On the positive side, the overall annual inflation rate fell to 2.4%, the lowest level since February 2021. Here is the trend in annual all-items and core inflation over the last 12 months, showing that core inflation remains stubbornly high and in September actually trended higher:

The Federal Reserve

The combination of last week’s positive U.S. jobs report and this higher-than-expected inflation report should be giving the Fed jitters as it moves toward further cuts in short-term interest rates. I am pretty sure we won’t be seeing another 50 basis-point cut in 2024. From this morning’s Bloomberg report:

“Inflation is dying, but not dead,” said Olu Sonola, head of US economic research at Fitch Ratings. “Coming on the heels of the surprisingly strong September employment data, this report encourages the Fed to maintain a cautious stance with the pace of the easing cycle. The likely path is still a quarter point rate cut in November, but a December cut should not be taken for granted.”

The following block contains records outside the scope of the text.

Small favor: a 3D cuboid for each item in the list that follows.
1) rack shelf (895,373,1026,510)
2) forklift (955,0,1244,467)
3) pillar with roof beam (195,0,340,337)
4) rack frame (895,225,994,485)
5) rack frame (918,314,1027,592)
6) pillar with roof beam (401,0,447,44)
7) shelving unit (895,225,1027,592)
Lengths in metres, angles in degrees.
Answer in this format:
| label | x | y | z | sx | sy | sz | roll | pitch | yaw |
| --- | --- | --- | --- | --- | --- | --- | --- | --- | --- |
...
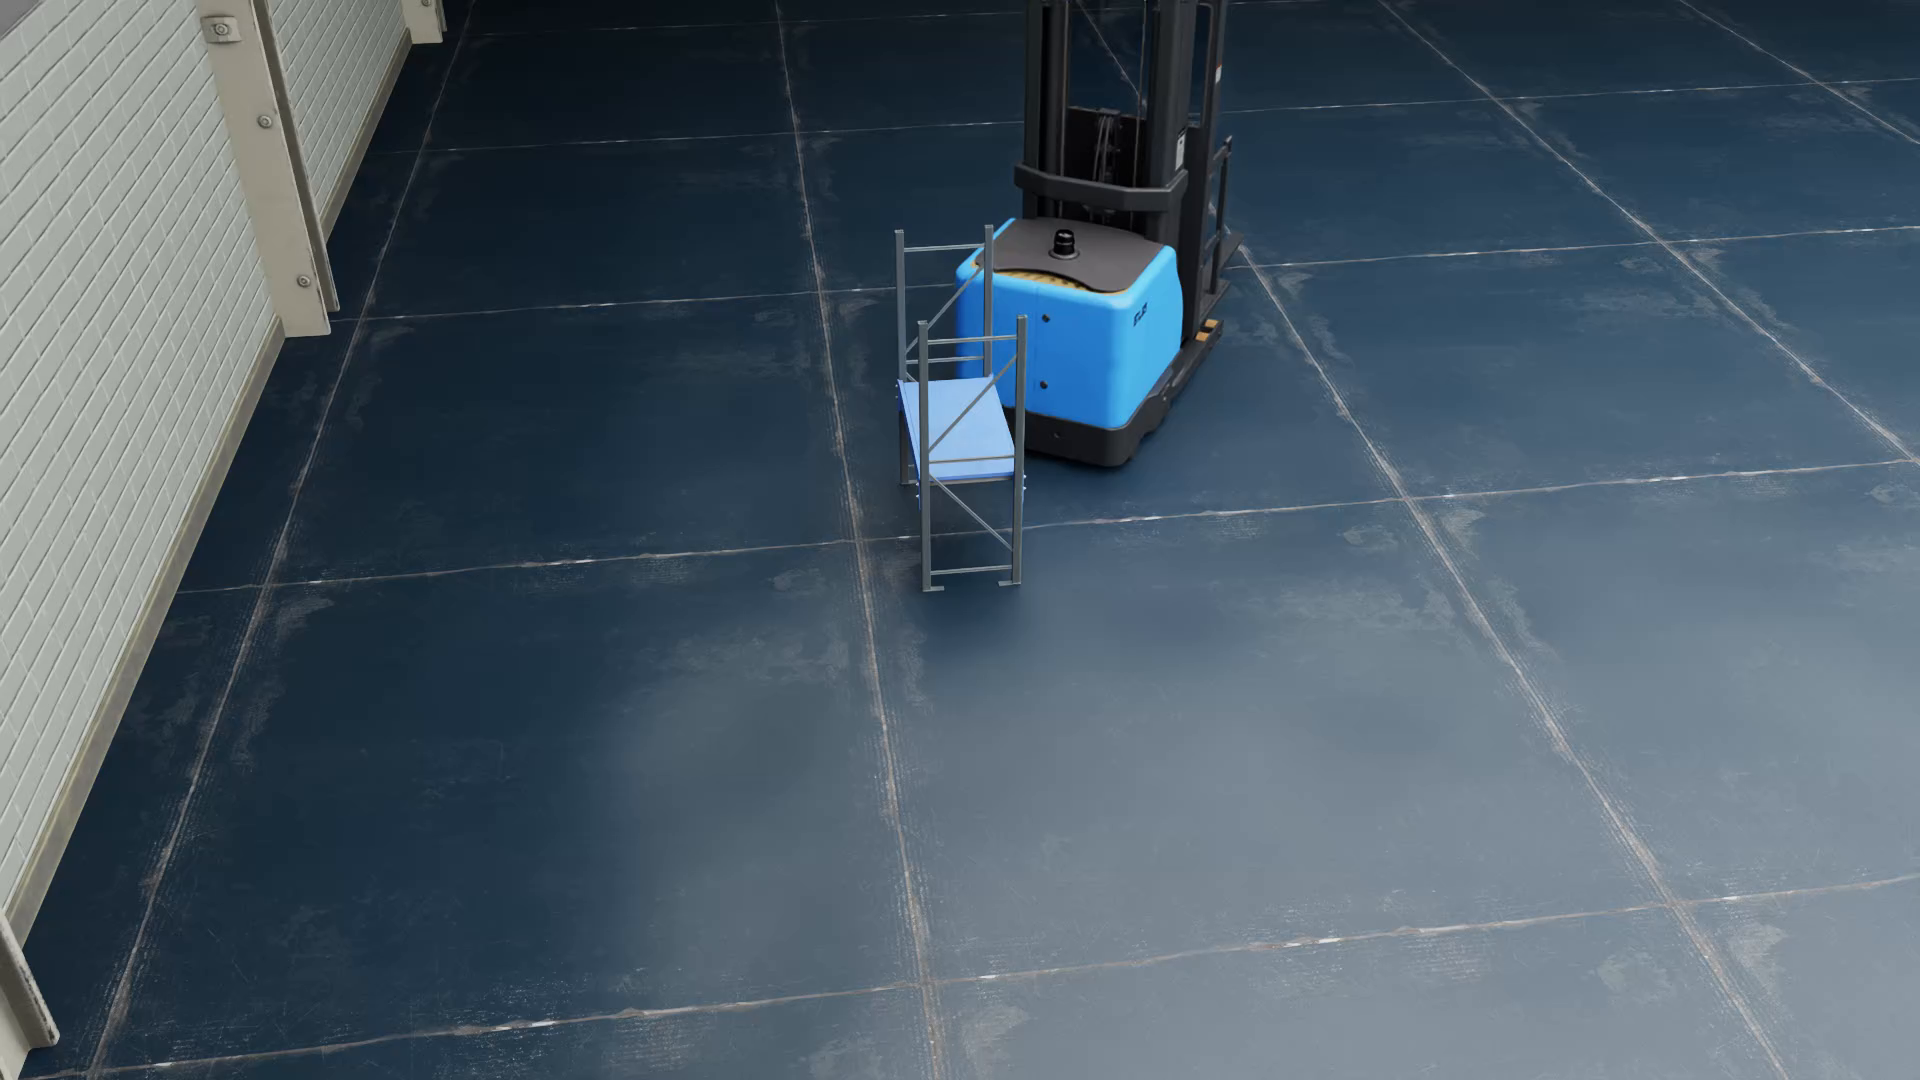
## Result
| label | x | y | z | sx | sy | sz | roll | pitch | yaw |
| --- | --- | --- | --- | --- | --- | --- | --- | --- | --- |
| rack shelf | -0.011 | -0.519 | 8.499 | 0.538 | 0.185 | 1.000 | -4 | 35 | -6 |
| forklift | 1.025 | -2.437 | 9.723 | 1.130 | 2.935 | 3.031 | 14 | 37 | 20 |
| pillar with roof beam | 0.035 | -5.463 | 8.776 | 9.100 | 9.000 | 0.400 | -4 | 35 | -6 |
| rack frame | -0.080 | -0.951 | 8.814 | 0.500 | 1.500 | 0.032 | -4 | 35 | -6 |
| rack frame | 0.057 | -0.384 | 7.981 | 0.500 | 1.500 | 0.032 | -4 | 35 | -6 |
| pillar with roof beam | -0.772 | -8.812 | 13.689 | 9.100 | 9.000 | 0.400 | -4 | 35 | -6 |
| shelving unit | -0.011 | -0.667 | 8.397 | 0.538 | 1.500 | 1.048 | -4 | 35 | -6 |

I’d agree that a 25-basis-point cut is likely in November, and probably again in December. The Fed has room to move lower with annual inflation currently running at 2.4%. A neutral level for the federal funds rate could be around 3.5%, if inflation remains in this range.

The stock and bond markets seem to be taking today’s inflation news in stride, with the S&P 500 down only about 0.2% in early trading. Real yields have fallen slightly this morning, with the 5-year TIPS trading at 1.67%, down from 1.70% at yesterday’s close.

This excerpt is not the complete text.